DATA TO EXAMINE:
──────────

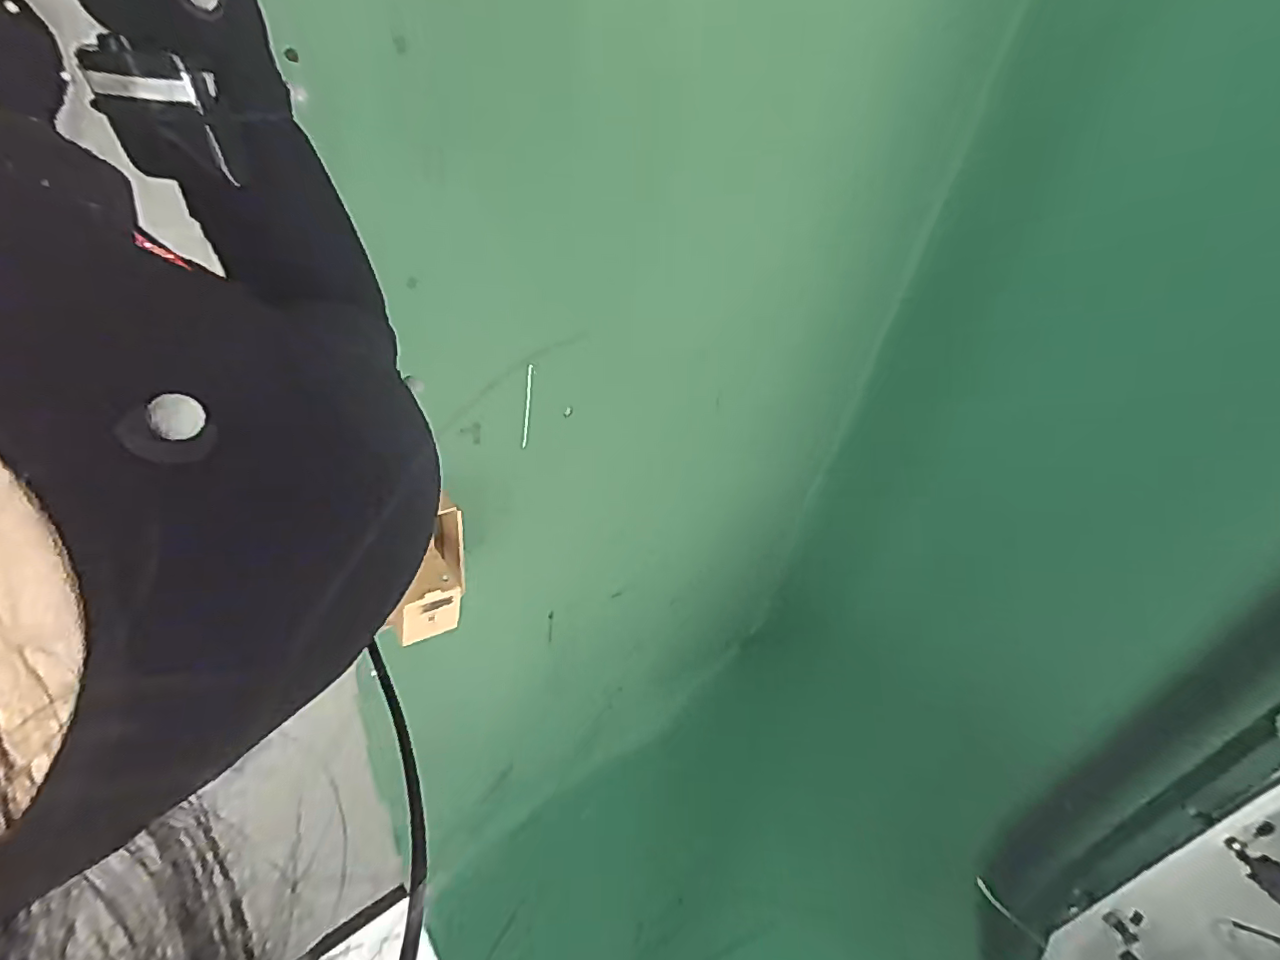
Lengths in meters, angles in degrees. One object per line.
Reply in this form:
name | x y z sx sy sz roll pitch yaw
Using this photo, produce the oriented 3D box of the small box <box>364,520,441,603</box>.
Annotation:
small box | -0.744 0.249 1.699 0.179 0.176 0.168 -18 134 -36
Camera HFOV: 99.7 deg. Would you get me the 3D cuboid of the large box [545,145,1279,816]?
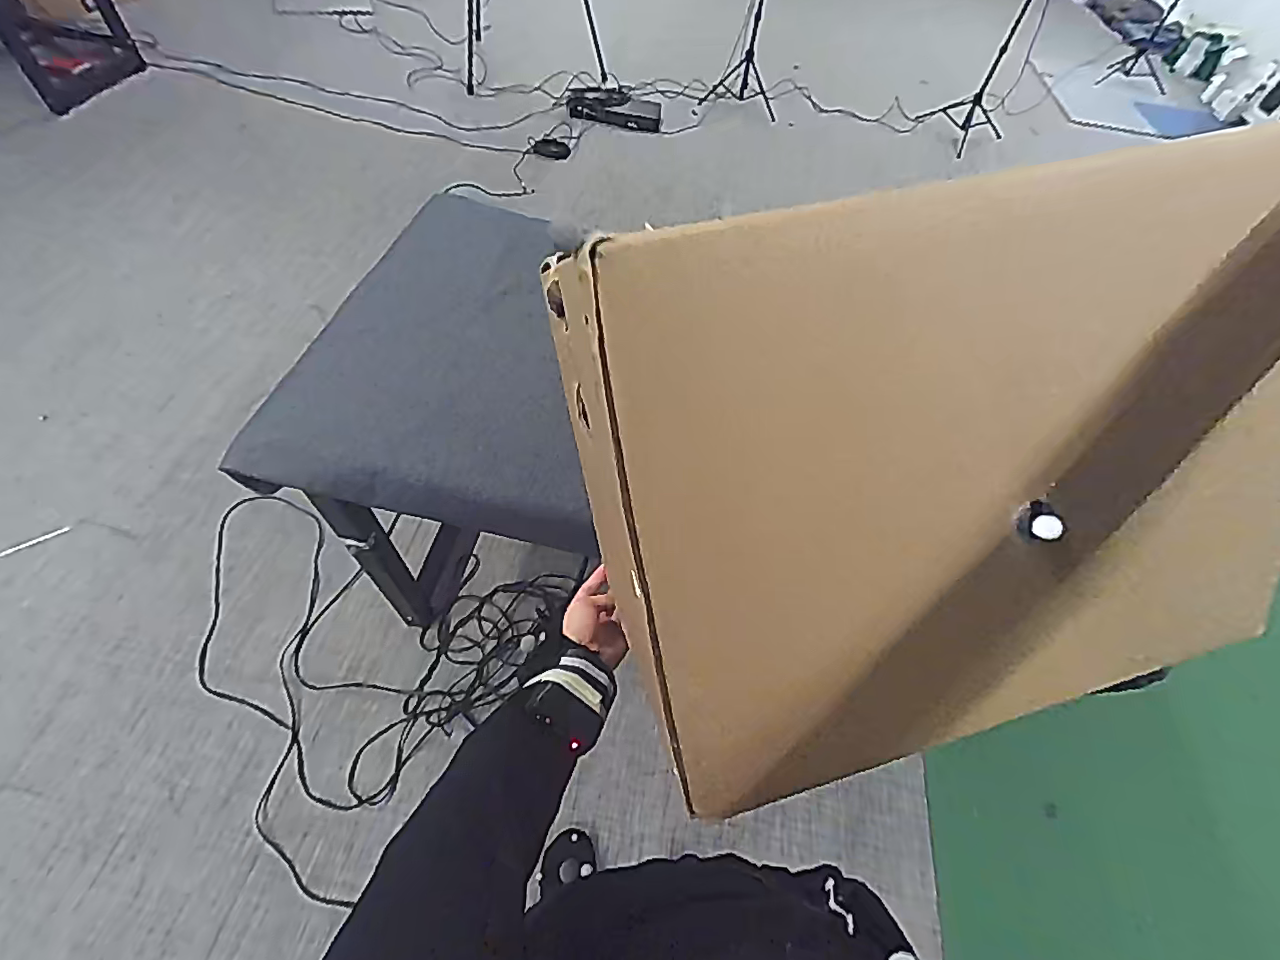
[{"bbox_3d":[0.171,-0.032,0.431,0.408,0.320,0.320,-16,22,-9],"label":"large box"}]
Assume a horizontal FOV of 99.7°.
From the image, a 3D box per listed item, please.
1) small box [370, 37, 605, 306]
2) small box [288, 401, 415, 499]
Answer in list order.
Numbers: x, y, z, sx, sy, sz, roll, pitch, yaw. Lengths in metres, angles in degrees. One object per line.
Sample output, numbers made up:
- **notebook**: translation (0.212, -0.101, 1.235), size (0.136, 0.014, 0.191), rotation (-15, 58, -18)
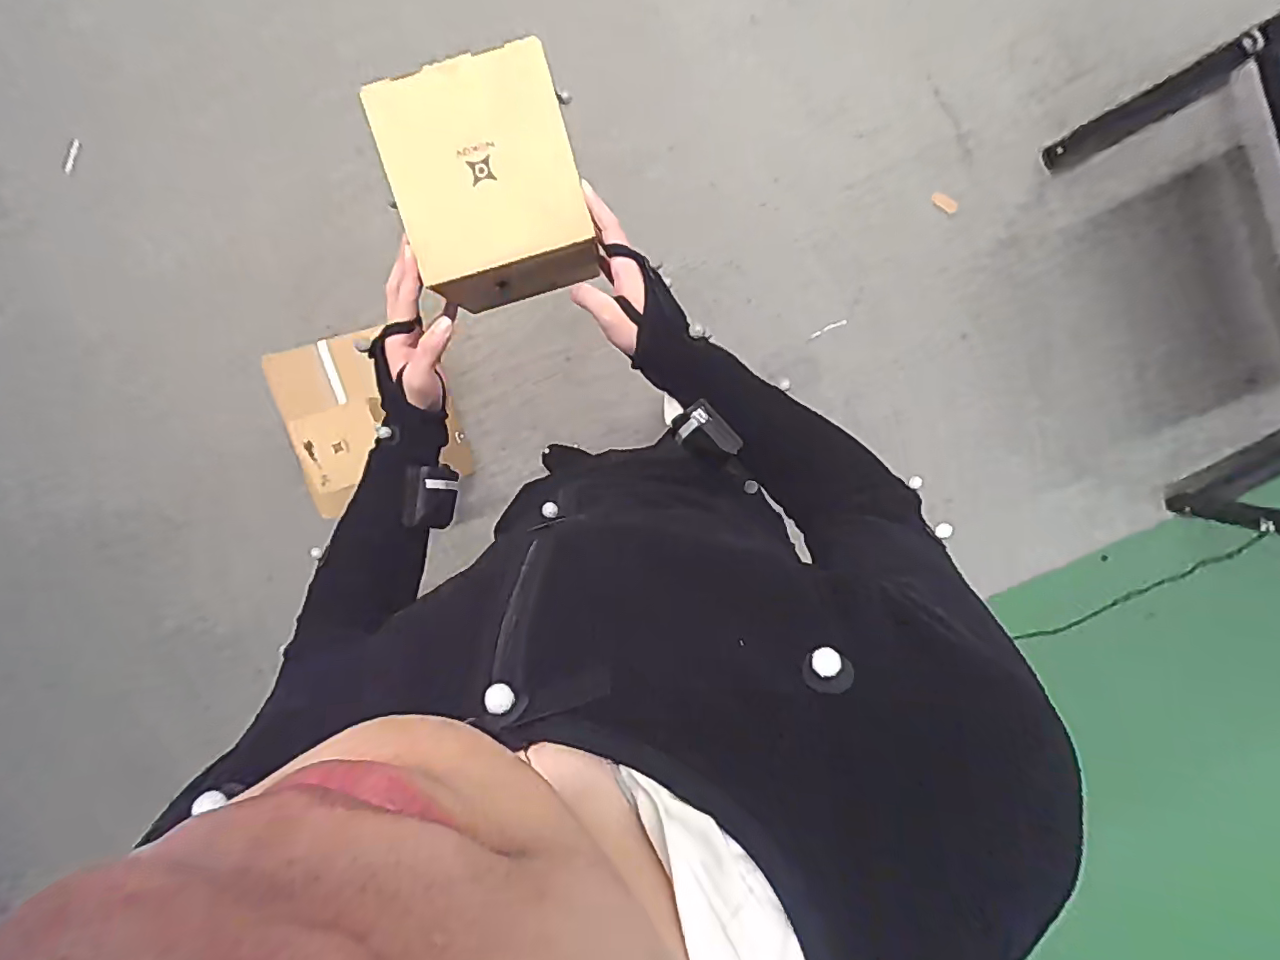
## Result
- **small box**: translation (-0.136, -0.291, 0.559), size (0.168, 0.176, 0.179), rotation (-16, 98, 0)
- **small box**: translation (-0.628, -0.075, 1.209), size (0.179, 0.176, 0.168), rotation (-20, 99, -1)
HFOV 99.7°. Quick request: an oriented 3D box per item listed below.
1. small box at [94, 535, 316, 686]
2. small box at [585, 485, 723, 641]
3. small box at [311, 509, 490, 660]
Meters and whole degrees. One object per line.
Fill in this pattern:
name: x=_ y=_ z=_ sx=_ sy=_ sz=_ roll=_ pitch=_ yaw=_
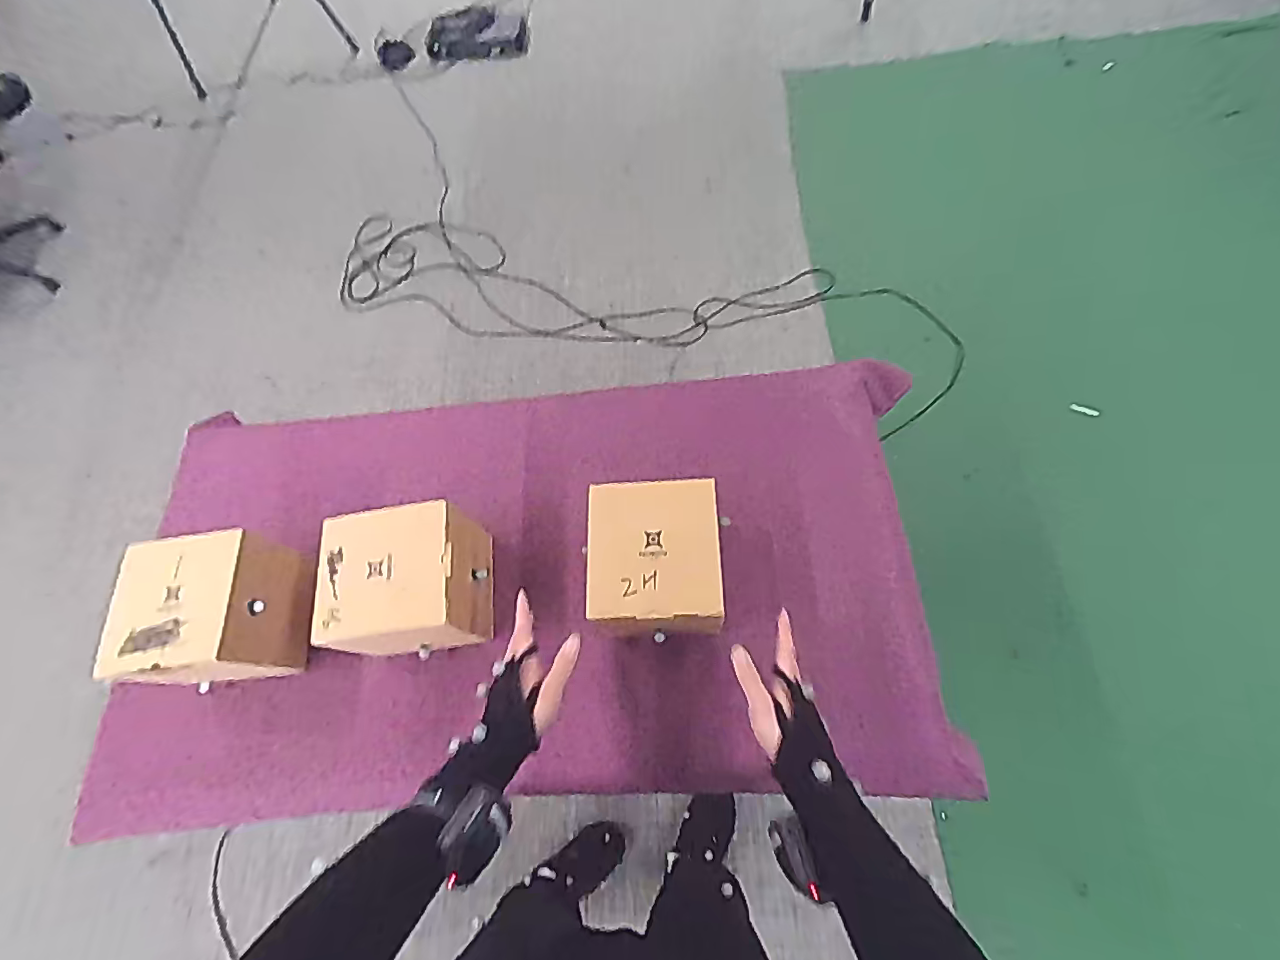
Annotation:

──────────

WHAT TO PRODUCE: How many lines of these entries hold the string "roll"? Answer with the number alone.

THE COMPLETED TASK: 3